Adding Velocity and Acceleration

[Phys_Boi]

So if a particle is at (0,0) and has a velocity of <-3,0> and an acceleration of <-2,-4> then we would add them to get the new position...

With a time interval of one second (t=1) then due to velocity:
Δx = -3(1) = -3
Δy = 0(1) = 0

then due to acceleration:
Δx = ½ (-2) (1)^2 = ½ (-2) = -1
Δy = ½ (-4) (1)^2 = ½ (-4) = -2

so we can add these displacements to get a new position of (-4, -2)

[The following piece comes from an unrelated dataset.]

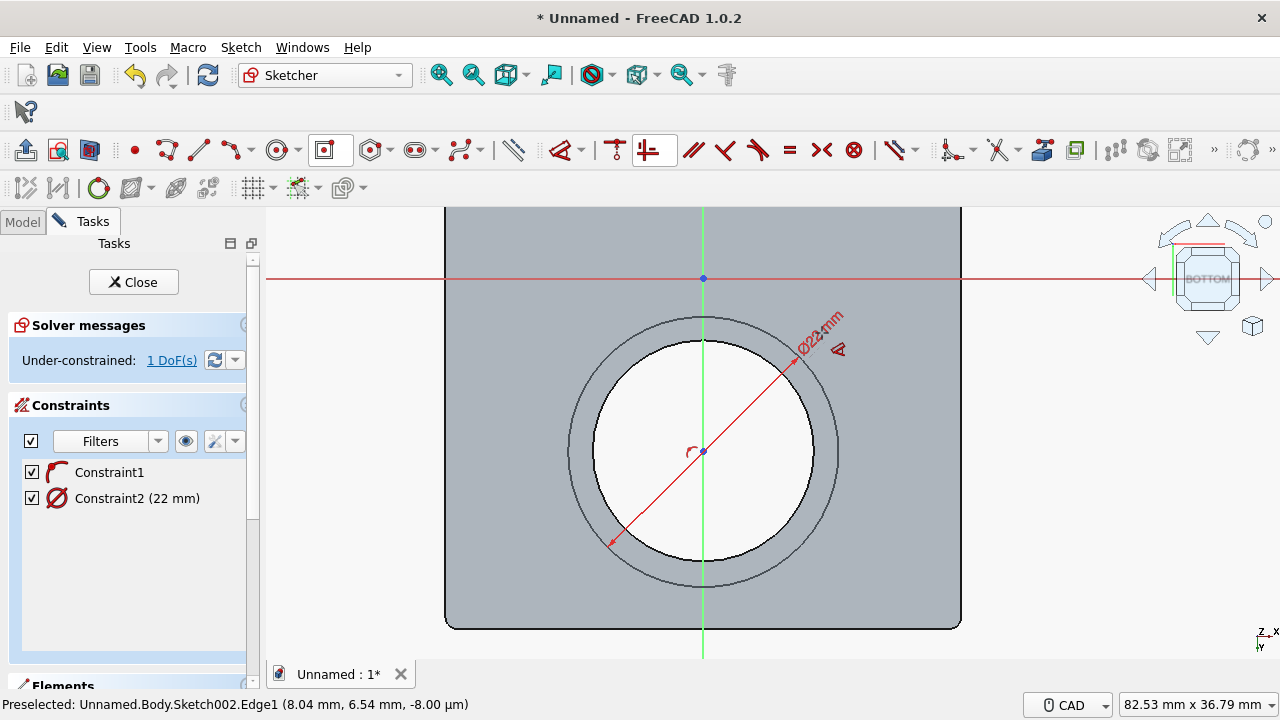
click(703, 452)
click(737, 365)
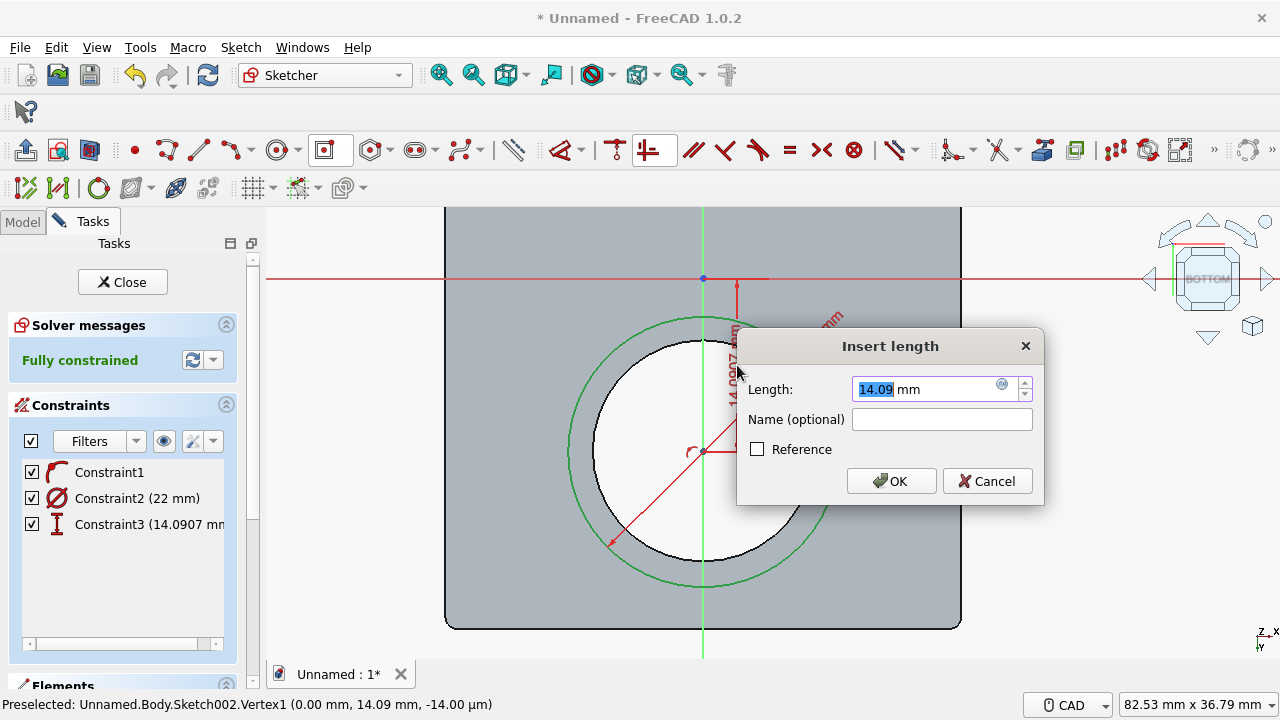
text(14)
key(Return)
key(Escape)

So my question is: after we arrive at this point and the acceleration has affected the velocity (and assuming the acceleration continues) is there another velocity vector? Or is there just the acceleration? Basically, do you only use the velocity once and forget it? Or does it still exist, and if so, how do you calculate it?

Thank you for any help!

 

[Michael Quinlivan]

For a constant acceleration, you can calculate the velocity of an object with the formula $$v = v_0 + at$$ where $v_0$ is the initial velocity before you start timing, and $v$ is the new velocity after a time $t$, if the object experiences a constant acceleration $a$. Using this formula you should be able to calculate the new velocity of the particle after one second

 

[Phys_Boi]

So I'm using gravitational acceleration..
a = GM/r²

how would I calculate the velocity for this changing acceleration?

 

[Michael Quinlivan]

So I'm using gravitational acceleration..
a = GM/r²

how would I calculate the velocity for this changing acceleration?

If you need to calculate the velocity of a falling body, where the acceleration due to gravity varies, have a look at this link

https://en.wikipedia.org/wiki/Equations_for_a_falling_body

Note that these formulae don't take into account factors like air resistance, etc.

 

[Phys_Boi]

Thank you sir